The short answer is yes, absolutely there is a difference. I’m much more fearless when I write on Penzu than when I write for this blog. That just makes sense, I guess. What I use Penzu for is simply online storage for my own personal journal. So I don’t have to worry at all about what I write. No one will read it but me.
There is a much longer answer to your question, though. The thing is that I don’t actually write specifically for one or the other – for Penzu or for this blog. What I start off writing are actually letters – long detailed letters to friends. I email that letter to my friends, and then I store a copy on Penzu for myself. Finally, I go over the letter and edit out the more personal bits I don’t want public and put what’s left on this blog.
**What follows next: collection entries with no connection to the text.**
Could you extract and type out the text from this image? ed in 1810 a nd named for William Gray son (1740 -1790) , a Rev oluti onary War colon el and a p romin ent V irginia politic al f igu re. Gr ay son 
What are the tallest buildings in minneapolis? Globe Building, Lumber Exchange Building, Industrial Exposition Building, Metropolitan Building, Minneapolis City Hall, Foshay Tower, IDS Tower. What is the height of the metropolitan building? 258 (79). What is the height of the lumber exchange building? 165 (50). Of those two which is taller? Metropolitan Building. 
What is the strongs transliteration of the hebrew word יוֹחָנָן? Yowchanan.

The thing is that if I were writing solely for a personal journal on Penzu, I would probably write in a very sparse manner with little detail or information. It would be very emotional with very little actual information in it. That’s normal for a personal journal or diary. But I want to keep a more detailed record than that. And writing just for myself, I’m not very motivated.
So over the years, I’ve developed this somewhat odd style of writing a letter-slash-journal. It came out of travelling in the past. Instead of writing a private journal, I would write letters. And since I was writing to a person, I had an audience in my mind, and I would be motivated to write at length and include lots of information and details. I’d generally write to someone I knew well enough that I didn’t have to worry much about what I included. I could write about anything. I’d keep a copy of these letters – whether paper or digital – and that collection of letters became my journal. Of course, I’d occasionally also write just for me, and add that to the mix.
A WordPress blog, like this one, is a completely different beast. To be honest, I don’t really know what it is for or even why I have it. I’m still working that out. The original idea was to simply have a much wider and more general audience for my travel letters or travel journal – to feel connected with people in the world. It hasn’t really worked out that way yet, but, as I said, I’m still working it out. I also haven’t been doing any cycle touring. So there hasn’t been any cycling for the so-called Cycling Canadian to write about. That will change as of February 28th when I hop on a plane to the Philippines with my bicycle. We’ll see how that goes.
Thanks for the comment and question!